O'Neill's friends and family first staged They Walk Among Us as a staged reading in June 2003. The following February, on the one year anniversary of the tragedy, a large memorial theater event was produced by the Encore Repertory Company, a theater troupe to which O'Neill had performed. The event, called A Night of Angels, was directed by O'Neill's brother Christian and featured musical tributes as well as a fully staged production of They Walk Among Us. O'Neill made this event the basis of an Emerson College master's thesis, The Song of Nick, and later created a film version of They Walk Among Us. He also was the assistant director of the award-winning New York production of the play in 2008 (produced by My Own Delirium Productions) and co-directed, with Christian de Rezendes, the 2007 documentary 41. The film, which is named after a number of spiritual significance in O'Neill's life was shown at film festivals across the United States to generally positive reviews. Dave Kane's book, 41 Signs of Hope, which deals with similar subject matter, is published by New River Press.

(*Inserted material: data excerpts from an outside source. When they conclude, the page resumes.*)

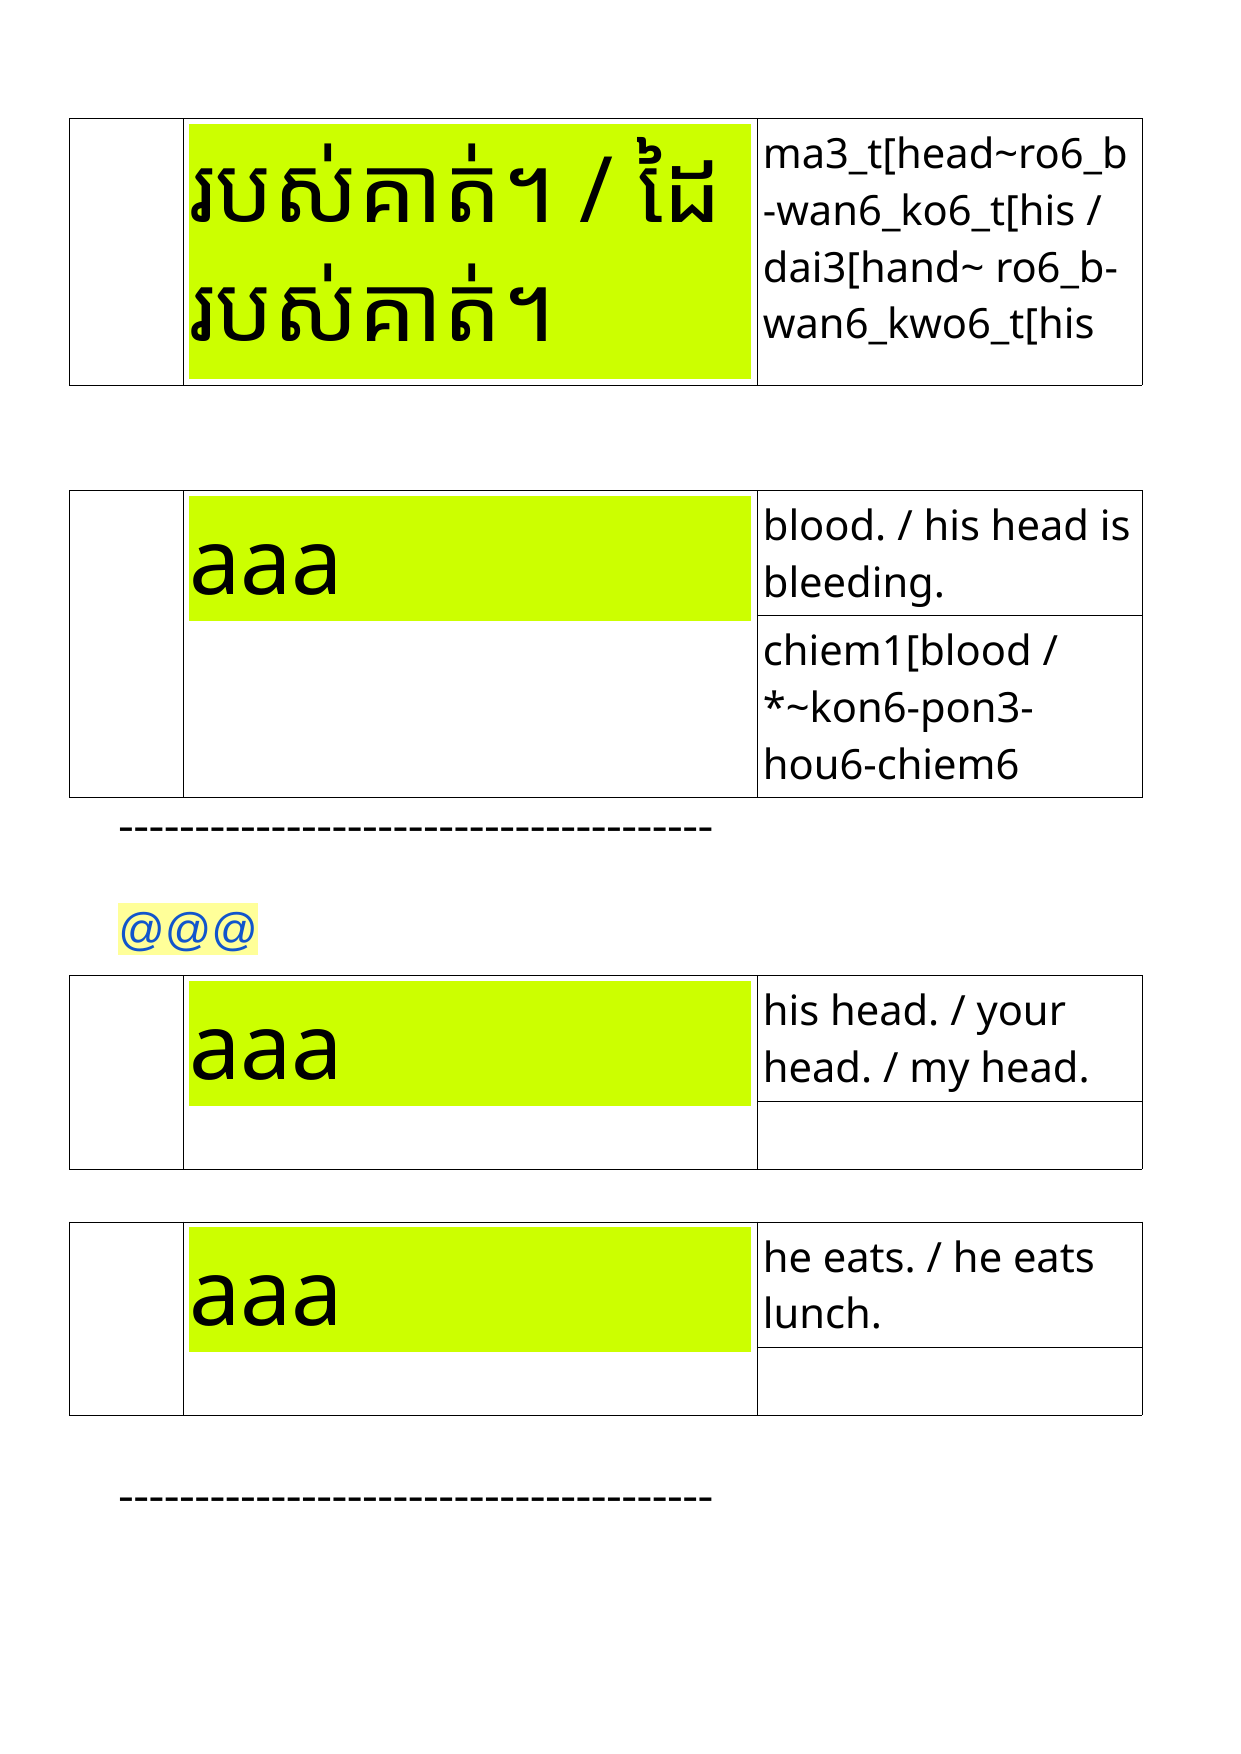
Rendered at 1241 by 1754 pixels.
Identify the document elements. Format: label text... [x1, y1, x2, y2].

table_header his head. / your head. / my head. [758, 976, 1142, 1101]
table_header aaa [184, 491, 757, 797]
table_header របស់​គាត់។ / ដៃរបស់គាត់។ [184, 119, 757, 385]
table_header [70, 119, 183, 385]
table_cell chiem1[blood / *~kon6-pon3-hou6-chiem6 [758, 616, 1142, 797]
text --------------------------------------- [118, 1468, 1122, 1521]
table_cell ma3_t[head~ro6_b-wan6_ko6_t[his / dai3[hand~ ro6_b-wan6_kwo6_t[his [758, 119, 1142, 385]
table_header aaa [184, 1223, 757, 1415]
table_cell [758, 1348, 1142, 1415]
table_header he eats. / he eats lunch. [758, 1223, 1142, 1347]
table_header [70, 491, 183, 797]
table_header blood. / his head is bleeding. [758, 491, 1142, 615]
table_header [70, 976, 183, 1169]
table_cell [758, 1102, 1142, 1169]
table_header [70, 1223, 183, 1415]
table_header aaa [184, 976, 757, 1169]
text --------------------------------------- [118, 798, 1122, 850]
text @@@ [118, 903, 1122, 955]

Dave Kane and Joanne O'Neill were the subject of much of the press surrounding the trial of Daniel Biechele, who ignited the pyrotechnics that caused the Station fire, partly because of Kane's local celebrity and his frequent attacks on Rhode Island Attorney General Patrick Lynch. Kane read aloud a letter in which he told Biechele that he and Joanne had forgiven him. Their belief in their son's ongoing presence in their lives was also covered by a Boston Globe feature article in 2006.

== Charities ==

Several charitable funds and entire organizations have been formed in O'Neill's name, including The Nicky O Foundation, the Encore Rep Nick O'Neill Scholarship, and the ACT Nicholas O'Neill Memorial Scholarship.